Stored data:
○ ○ ○ ○

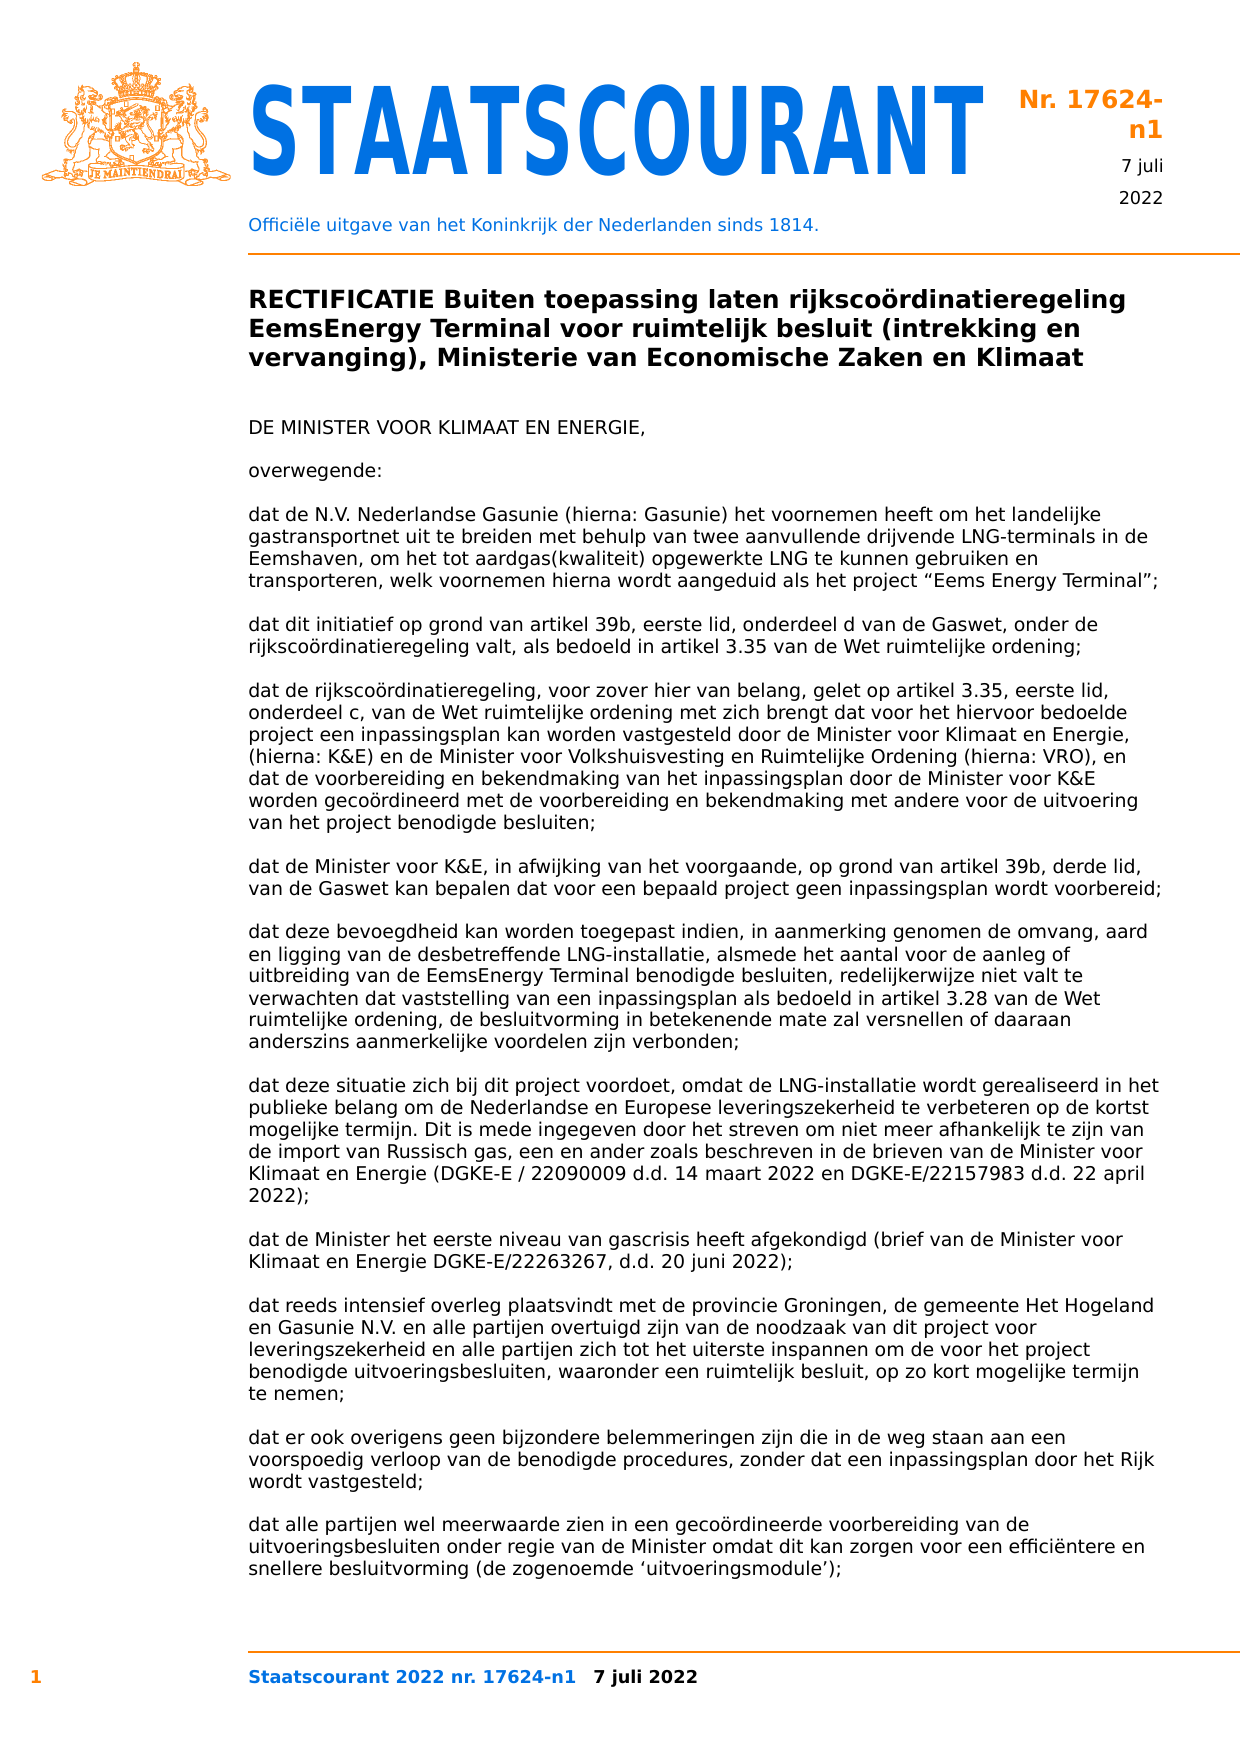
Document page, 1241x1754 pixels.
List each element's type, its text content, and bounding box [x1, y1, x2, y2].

picture [41, 62, 231, 186]
table_header Nr. 17624-n1 [998, 62, 1240, 150]
table_cell 7 juli [998, 150, 1240, 182]
table_cell Officiële uitgave van het Koninkrijk der Nederlanden sinds 1814. [248, 215, 1240, 253]
text dat dit initiatief op grond van artikel 39b, eerste lid, onderdeel d van de Gaswet, onder de rijkscoördinatieregeling valt, als bedoeld in artikel 3.35 van de Wet ruimtelijke ordening; [248, 614, 1163, 658]
text dat alle partijen wel meerwaarde zien in een gecoördineerde voorbereiding van de uitvoeringsbesluiten onder regie van de Minister omdat dit kan zorgen voor een efficiëntere en snellere besluitvorming (de zogenoemde ‘uitvoeringsmodule’); [248, 1514, 1163, 1580]
text dat reeds intensief overleg plaatsvindt met de provincie Groningen, de gemeente Het Hogeland en Gasunie N.V. en alle partijen overtuigd zijn van de noodzaak van dit project voor leveringszekerheid en alle partijen zich tot het uiterste inspannen om de voor het project benodigde uitvoeringsbesluiten, waaronder een ruimtelijk besluit, op zo kort mogelijke termijn te nemen; [248, 1295, 1163, 1405]
table_header STAATSCOURANT [248, 62, 998, 215]
text overwegende: [248, 460, 1163, 482]
subtitle RECTIFICATIE Buiten toepassing laten rijkscoördinatieregeling EemsEnergy Terminal voor ruimtelijk besluit (intrekking en vervanging), Ministerie van Economische Zaken en Klimaat [248, 285, 1163, 373]
text dat de rijkscoördinatieregeling, voor zover hier van belang, gelet op artikel 3.35, eerste lid, onderdeel c, van de Wet ruimtelijke ordening met zich brengt dat voor het hiervoor bedoelde project een inpassingsplan kan worden vastgesteld door de Minister voor Klimaat en Energie, (hierna: K&E) en de Minister voor Volkshuisvesting en Ruimtelijke Ordening (hierna: VRO), en dat de voorbereiding en bekendmaking van het inpassingsplan door de Minister voor K&E worden gecoördineerd met de voorbereiding en bekendmaking met andere voor de uitvoering van het project benodigde besluiten; [248, 680, 1163, 834]
table_cell 2022 [998, 183, 1240, 215]
text DE MINISTER VOOR KLIMAAT EN ENERGIE, [248, 417, 1163, 438]
text dat deze situatie zich bij dit project voordoet, omdat de LNG-installatie wordt gerealiseerd in het publieke belang om de Nederlandse en Europese leveringszekerheid te verbeteren op de kortst mogelijke termijn. Dit is mede ingegeven door het streven om niet meer afhankelijk te zijn van de import van Russisch gas, een en ander zoals beschreven in de brieven van de Minister voor Klimaat en Energie (DGKE-E / 22090009 d.d. 14 maart 2022 en DGKE-E/22157983 d.d. 22 april 2022); [248, 1075, 1163, 1207]
text dat de Minister het eerste niveau van gascrisis heeft afgekondigd (brief van de Minister voor Klimaat en Energie DGKE-E/22263267, d.d. 20 juni 2022); [248, 1229, 1163, 1273]
text dat de N.V. Nederlandse Gasunie (hierna: Gasunie) het voornemen heeft om het landelijke gastransportnet uit te breiden met behulp van twee aanvullende drijvende LNG-terminals in de Eemshaven, om het tot aardgas(kwaliteit) opgewerkte LNG te kunnen gebruiken en transporteren, welk voornemen hierna wordt aangeduid als het project “Eems Energy Terminal”; [248, 504, 1163, 592]
text dat er ook overigens geen bijzondere belemmeringen zijn die in de weg staan aan een voorspoedig verloop van de benodigde procedures, zonder dat een inpassingsplan door het Rijk wordt vastgesteld; [248, 1427, 1163, 1492]
text dat deze bevoegdheid kan worden toegepast indien, in aanmerking genomen de omvang, aard en ligging van de desbetreffende LNG-installatie, alsmede het aantal voor de aanleg of uitbreiding van de EemsEnergy Terminal benodigde besluiten, redelijkerwijze niet valt te verwachten dat vaststelling van een inpassingsplan als bedoeld in artikel 3.28 van de Wet ruimtelijke ordening, de besluitvorming in betekenende mate zal versnellen of daaraan anderszins aanmerkelijke voordelen zijn verbonden; [248, 921, 1163, 1053]
table_header [25, 62, 248, 253]
text dat de Minister voor K&E, in afwijking van het voorgaande, op grond van artikel 39b, derde lid, van de Gaswet kan bepalen dat voor een bepaald project geen inpassingsplan wordt voorbereid; [248, 856, 1163, 899]

○ ○ ○ ○

→ Exercise description: In the copy, include every line of the records exactly and none of the images.

→ Result below:
Document page, 1241x1754 pixels.
List each element's type, its text content, and bounding box [x1, y1, x2, y2].

picture [41, 62, 231, 186]
table_header Nr. 17624-n1 [998, 62, 1240, 150]
table_cell 7 juli [998, 150, 1240, 182]
table_cell Officiële uitgave van het Koninkrijk der Nederlanden sinds 1814. [248, 215, 1240, 253]
text dat dit initiatief op grond van artikel 39b, eerste lid, onderdeel d van de Gaswet, onder de rijkscoördinatieregeling valt, als bedoeld in artikel 3.35 van de Wet ruimtelijke ordening; [248, 614, 1163, 658]
text dat alle partijen wel meerwaarde zien in een gecoördineerde voorbereiding van de uitvoeringsbesluiten onder regie van de Minister omdat dit kan zorgen voor een efficiëntere en snellere besluitvorming (de zogenoemde ‘uitvoeringsmodule’); [248, 1514, 1163, 1580]
text dat reeds intensief overleg plaatsvindt met de provincie Groningen, de gemeente Het Hogeland en Gasunie N.V. en alle partijen overtuigd zijn van de noodzaak van dit project voor leveringszekerheid en alle partijen zich tot het uiterste inspannen om de voor het project benodigde uitvoeringsbesluiten, waaronder een ruimtelijk besluit, op zo kort mogelijke termijn te nemen; [248, 1295, 1163, 1405]
table_header STAATSCOURANT [248, 62, 998, 215]
text overwegende: [248, 460, 1163, 482]
subtitle RECTIFICATIE Buiten toepassing laten rijkscoördinatieregeling EemsEnergy Terminal voor ruimtelijk besluit (intrekking en vervanging), Ministerie van Economische Zaken en Klimaat [248, 285, 1163, 373]
text dat de rijkscoördinatieregeling, voor zover hier van belang, gelet op artikel 3.35, eerste lid, onderdeel c, van de Wet ruimtelijke ordening met zich brengt dat voor het hiervoor bedoelde project een inpassingsplan kan worden vastgesteld door de Minister voor Klimaat en Energie, (hierna: K&E) en de Minister voor Volkshuisvesting en Ruimtelijke Ordening (hierna: VRO), en dat de voorbereiding en bekendmaking van het inpassingsplan door de Minister voor K&E worden gecoördineerd met de voorbereiding en bekendmaking met andere voor de uitvoering van het project benodigde besluiten; [248, 680, 1163, 834]
table_cell 2022 [998, 183, 1240, 215]
text DE MINISTER VOOR KLIMAAT EN ENERGIE, [248, 417, 1163, 438]
text dat deze situatie zich bij dit project voordoet, omdat de LNG-installatie wordt gerealiseerd in het publieke belang om de Nederlandse en Europese leveringszekerheid te verbeteren op de kortst mogelijke termijn. Dit is mede ingegeven door het streven om niet meer afhankelijk te zijn van de import van Russisch gas, een en ander zoals beschreven in de brieven van de Minister voor Klimaat en Energie (DGKE-E / 22090009 d.d. 14 maart 2022 en DGKE-E/22157983 d.d. 22 april 2022); [248, 1075, 1163, 1207]
text dat de Minister het eerste niveau van gascrisis heeft afgekondigd (brief van de Minister voor Klimaat en Energie DGKE-E/22263267, d.d. 20 juni 2022); [248, 1229, 1163, 1273]
text dat de N.V. Nederlandse Gasunie (hierna: Gasunie) het voornemen heeft om het landelijke gastransportnet uit te breiden met behulp van twee aanvullende drijvende LNG-terminals in de Eemshaven, om het tot aardgas(kwaliteit) opgewerkte LNG te kunnen gebruiken en transporteren, welk voornemen hierna wordt aangeduid als het project “Eems Energy Terminal”; [248, 504, 1163, 592]
text dat er ook overigens geen bijzondere belemmeringen zijn die in de weg staan aan een voorspoedig verloop van de benodigde procedures, zonder dat een inpassingsplan door het Rijk wordt vastgesteld; [248, 1427, 1163, 1492]
text dat deze bevoegdheid kan worden toegepast indien, in aanmerking genomen de omvang, aard en ligging van de desbetreffende LNG-installatie, alsmede het aantal voor de aanleg of uitbreiding van de EemsEnergy Terminal benodigde besluiten, redelijkerwijze niet valt te verwachten dat vaststelling van een inpassingsplan als bedoeld in artikel 3.28 van de Wet ruimtelijke ordening, de besluitvorming in betekenende mate zal versnellen of daaraan anderszins aanmerkelijke voordelen zijn verbonden; [248, 921, 1163, 1053]
table_header [25, 62, 248, 253]
text dat de Minister voor K&E, in afwijking van het voorgaande, op grond van artikel 39b, derde lid, van de Gaswet kan bepalen dat voor een bepaald project geen inpassingsplan wordt voorbereid; [248, 856, 1163, 899]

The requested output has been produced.